D 75-84 Provides evidence of integration and evaluation of critical ideas, principles and theories, distinctive insight and ability in applying relevant skills and concepts in relation to learning outcomes. There is demonstration of frequent originality or creativity in defining and analysing issues or problems and providing solutions; and the use of means of communication appropriate to the course/program and the audience.
CR 65-74 Provides evidence of learning that goes beyond replication of content knowledge or skills relevant to the learning outcomes. There is demonstration of substantial understanding of fundamental concepts in the field of study and the ability to apply these concepts in a variety of contexts; convincing argumentation with appropriate coherent justification; communication of ideas fluently and clearly in terms of the conventions of the course/program.

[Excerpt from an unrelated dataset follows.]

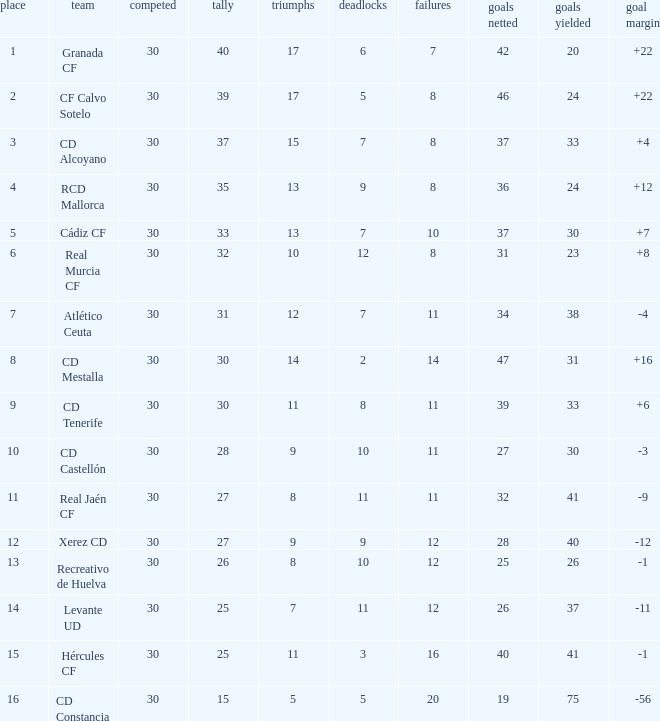How many Draws have 30 Points, and less than 33 Goals against? 1.0.

P 50-64 Provides sufficient evidence of the achievement of learning outcomes. There is demonstration of understanding and application of fundamental concepts of the course/program; routine argumentation with acceptable justification; communication of information and ideas adequately in terms of the conventions of the course/program. The learning attainment is considered satisfactory or adequate or competent or capable in relation to the specified outcomes.
F 0-49 Does not provide evidence of attainment of learning outcomes. There is missing or partial or superficial or faulty understanding and application of the fundamental concepts in the field of study; missing, undeveloped, inappropriate or confusing argumentation; incomplete, confusing or lacking communication of ideas in ways that give little attention to the conventions of the course/program.

Assessment Process

These assessment standards will be used to give a numeric mark to each assessment submission during marking. The mark will correspond to an appropriate letter grade when relevantly weighted. The final mark for the unit will be calculated by combining the marks for all assessment tasks according to the percentage weightings shown in the assessment summary.